*Required action*
All lines before the one containing "-19, 64, -9)", plus that line itself, are to be printed exactly as they appear below.

*Supplied data*
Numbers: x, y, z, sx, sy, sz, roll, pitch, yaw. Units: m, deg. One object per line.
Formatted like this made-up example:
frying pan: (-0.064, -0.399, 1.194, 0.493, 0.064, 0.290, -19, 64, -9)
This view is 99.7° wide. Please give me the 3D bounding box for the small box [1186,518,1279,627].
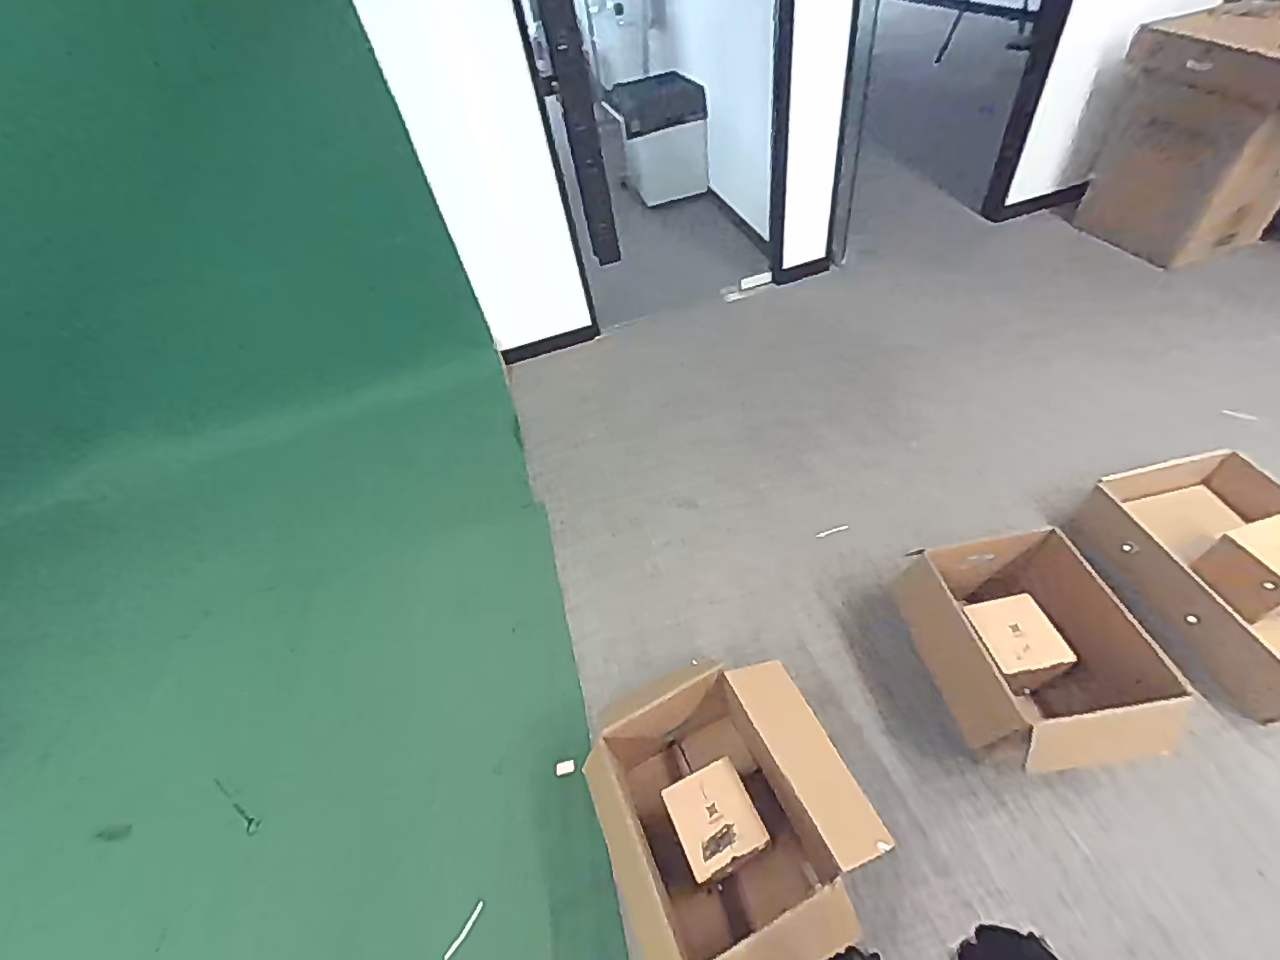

*Task result*
Numbers: x, y, z, sx, sy, sz, roll, pitch, yaw. Units: m, deg. One object per line.
Formatted like this made-up example:
frying pan: (-0.064, -0.399, 1.194, 0.493, 0.064, 0.290, -19, 64, -9)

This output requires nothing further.